Ecco quindi le ipotesi di taglio proposte da Umberto Trombelli, studiate e condivise con il collega enologo di cantina Giacomo Trevisan, ottenute scegliendo diversi quantitativi dalle varie masse a disposizione:

  • il campione A 54,5% di merlot, 27,5% di cabernet sauvignon, 15,5% di carmenère e franc, 2,5% di raboso
  • il campione B 52 % di merlot, 28% di cabernet sauvignon, 16% di carmenère e cabernet franc, 4% di raboso.

Nell’attesa che i tecnici preparassero in diretta il taglio, il programma prevedeva una mini verticale di quattro annate del Villa Giustinian 2017 – 2015 – 2013 – 1995.

 

Villa Giustinian 2017

Olfatto snello e dinamico, mix di frutta e tabacco con vividi reflui vegetali che rinfrescano il tessuto aromatico. Sorso composto ed elegante, sapidità e grinta tannica coesi. Colpiscono l’agilità, l’equilibrio e l’eleganza delle movenze.

Villa Giustinian 2015

È incentrato sul frutto, con mirtilli, lamponi e amarene in primo piano e minori venature vegetali. Il sorso è più ricco e avvolgente del fratello giovane, con il tannino fitto ed efficace a garantire  grinta al finale.

Villa Giustinian 2013

E’ il più elegante: la vivacità aromatica è espressa tramite note di frutta, terra e fieno. Gioca sul filo della finezza e della suadenza gustativa, tensione e brio pervadono il palato con il tannino ancora leggermente graffiante che dà profondità e spessore al finale. Al Top!

Villa Giustinian 1995

Bottiglie differenti, per cui il racconto è riferito al campione servito a chi scrive.

Il naso maturo, i refoli di tabacco e i sentori terrosi dei primi istanti, virano verso un panorama fruttato ancora integro e una balsamicità che accentua la complessità. Impressiona la tenuta al  palato e la tessitura tannica ancora coesa, che rivela un’impeccabile capacità evolutiva.  Chapeau !

 

Finalmente arrivano nel calice i campioni A e B del Villa Giustinian 2018. Ovviamente parliamo di un vino ancora “grezzo”, segnato dal taglio “in diretta” e privo del necessario riposo, per cui le impressioni a caldo vanno prese con molta cautela.
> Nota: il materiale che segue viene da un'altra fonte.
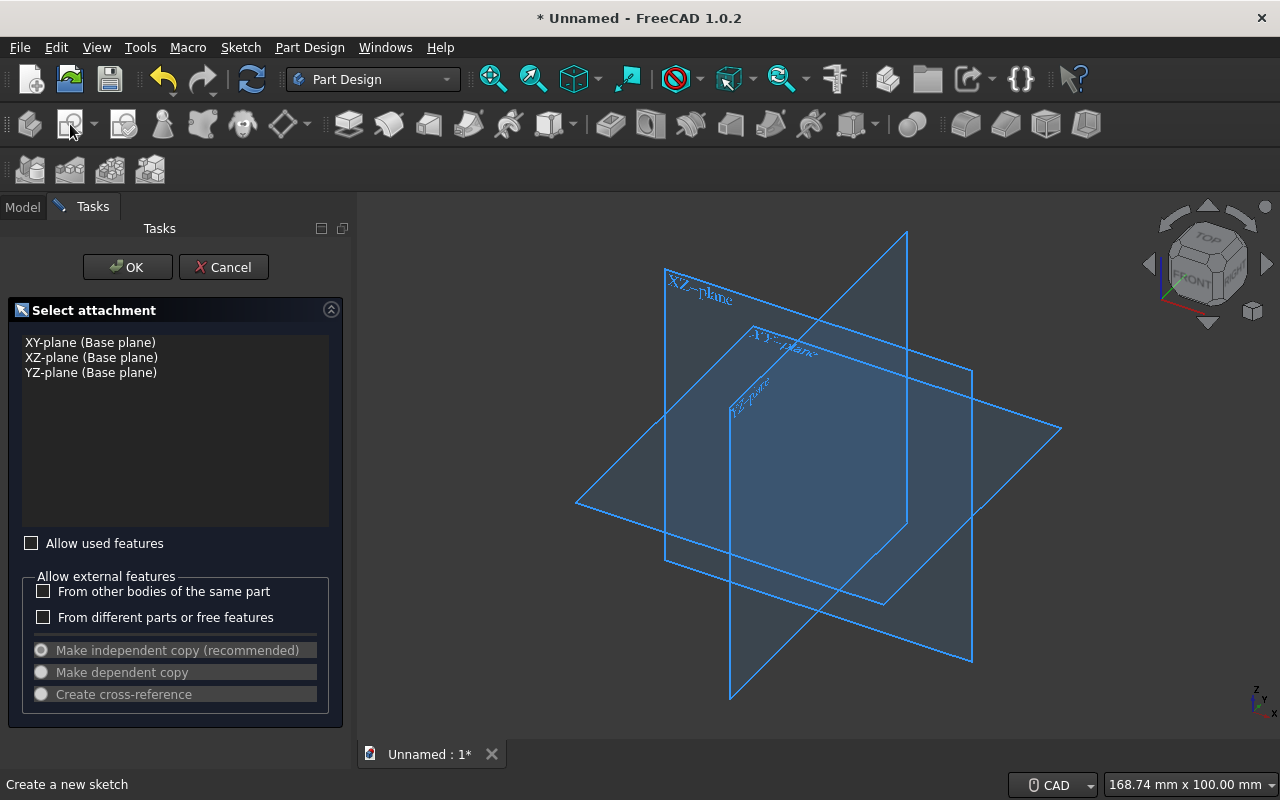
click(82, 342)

Il Campione A si rivela un po’ bizzoso e nonostante l’ampio panorama fruttato, i sentori vegetali dell’olfatto trovano altrettanti reflui “verdi” al gusto, con una leggera asprezza che si manifesta nella conduzione gustativa e il finale un pò inciso dal tannino.
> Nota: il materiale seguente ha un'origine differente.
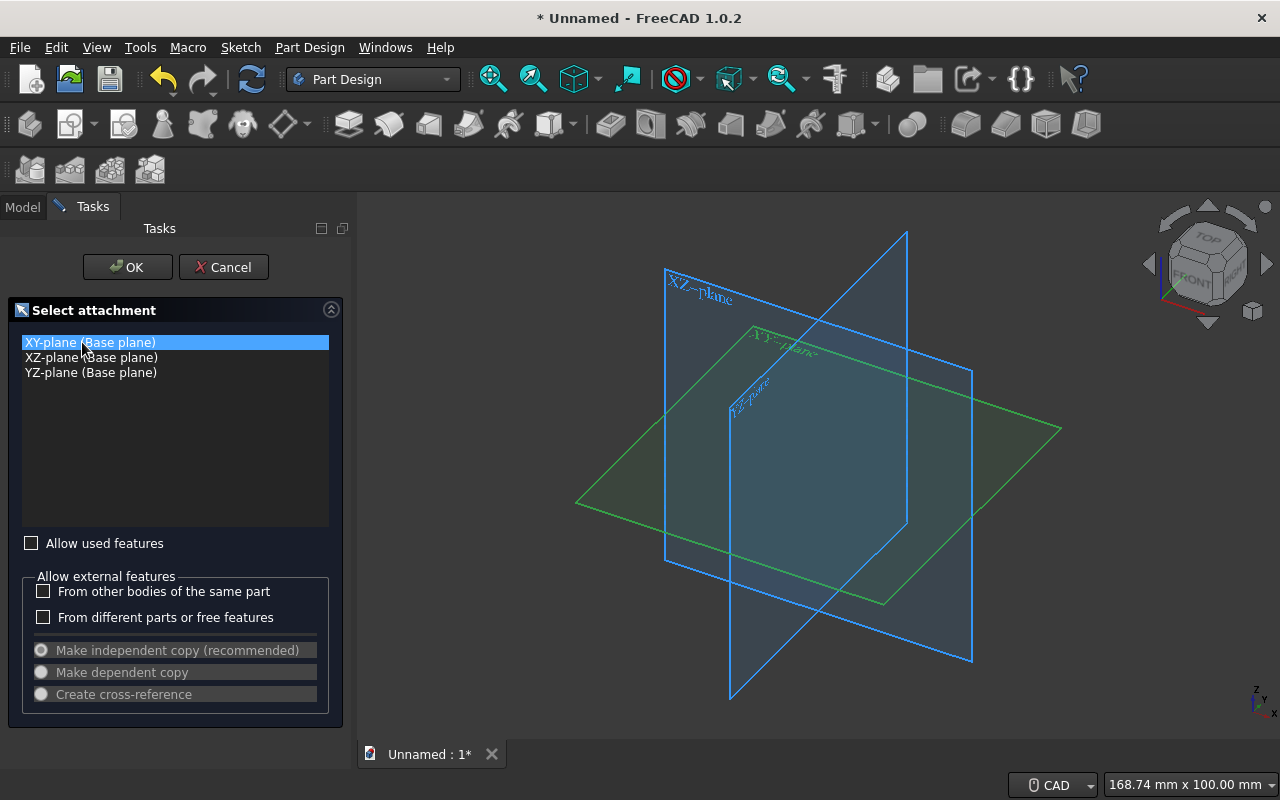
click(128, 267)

Il Campione B, a parere di chi scrive molto in linea con la versione 2015, colpisce per la centralità del frutto, con le sfumature vegetali e speziate che ne aumentano la complessità. Intrigano la prontezza e l’eleganza del sorso, già composto e avvolgente, privo di concentrazione e dotato di una invidiabile vitalità che lo rende succoso e tonico.

La scelta di Umberto Trombelli ricadrà sul Campione B della capacità di 12.425 lt.

Si chiude così una due-giorni intensa ed appassionante, didattica e culturalmente appagante, per la quale chi scrive, ringrazia sia la famiglia Ciani Bassetti, sia l’amico Umberto Trombelli, per il gradito invito e il piacere di aver preso parte a questo evento.